Para just went on another binge and Banned B27 and BrainOnSigs. They were long timers and well liked by all... except Para that is... Para doesnt like anyone more flashy, more popular, more wealthy, more educated, more skilled, etc. He banned the guy that started 2aforum because he liked to tell of the famous people he meets in his work, so Para smarted of to him and called him a bragart. There was a reply and that was enough reason for Para to ban him. BrainOnSigs is an excellent photographer and enjoyed sharing his wildlife pics... Para likes to bait people into getting banned. It's a game to him to try to stay the most popular poster there. Not a very nice way to behave. But it's his site.

Sometimes you will not be allowed there if your IP address shows up as the same as a banned user had. This can happen if you use the same ISP as the other fellow, I believe.


----------



## falshman70 (Jul 13, 2006)

"Sometimes you will not be allowed there if your IP address shows up as the same as a banned user had. This can happen if you use the same ISP as the other fellow, I believe."
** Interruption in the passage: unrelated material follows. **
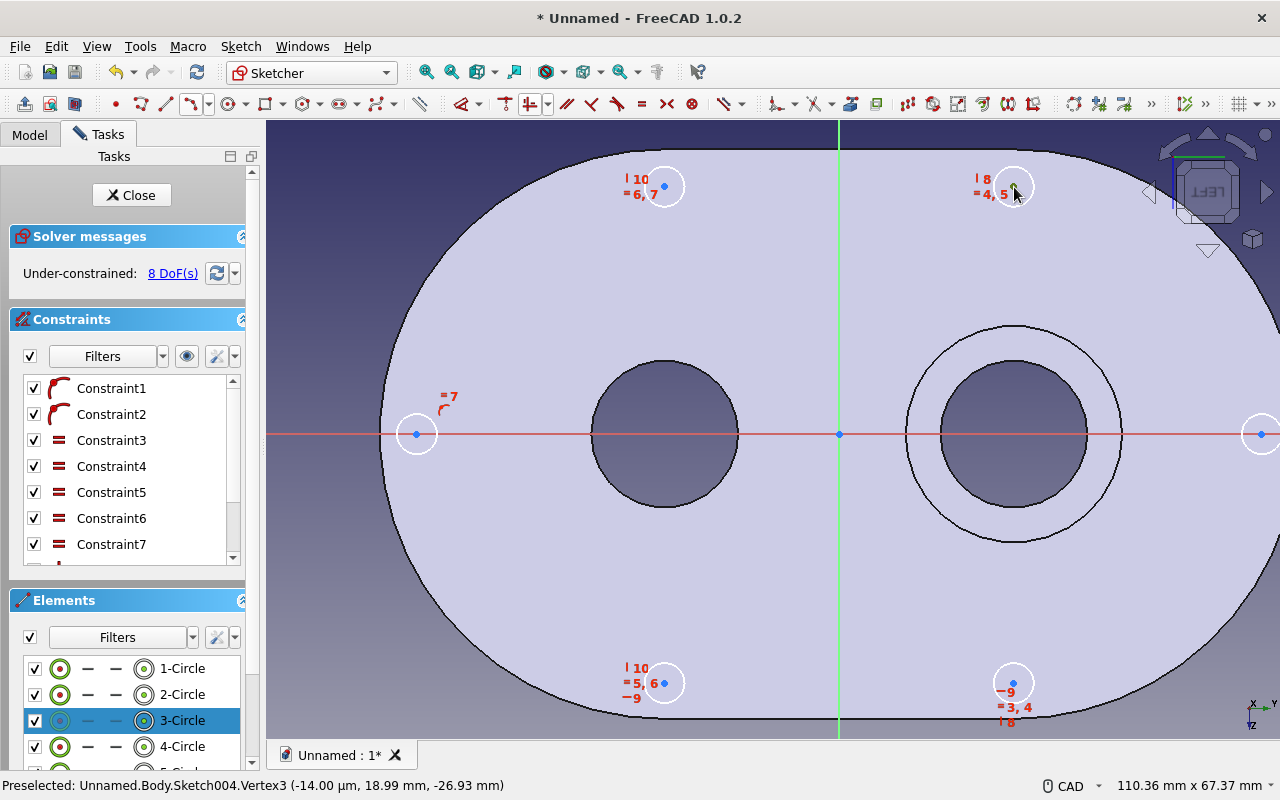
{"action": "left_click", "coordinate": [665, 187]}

That's interesting, Tex. In June I suddenly stopped being able to log on from my vacation place in SC, but I'm fine from my home web address. In SC I get a message the says IP addesss xxxxx.xxxx is banned. Weird. But I think your explanation must be the correct one. I'm paying for someone else PO'ing Para.


----------



## Mike Barham (Mar 30, 2006)

Let's not let this drift into a thread that bashes another forum.


----------



## standerson (Sep 22, 2006)

Sigforum is/was a very good forum to get information on Sigs.

There has been a large number of long time members who have recently been shown the door by one of the Mods.

Word of caution: Be careful about what you say and who you say it to.

Enjoy.


----------



## Growler67 (Sep 8, 2008)

standerson said:


> Word of caution: Be careful about what you say and who you say it to.


Goes for any board where one joins as a guest in somebody elses house.


----------



## standerson (Sep 22, 2006)

Growler67 said:


> Goes for any board where one joins as a guest in somebody elses house.


True but more so there than any other board I've been on.


----------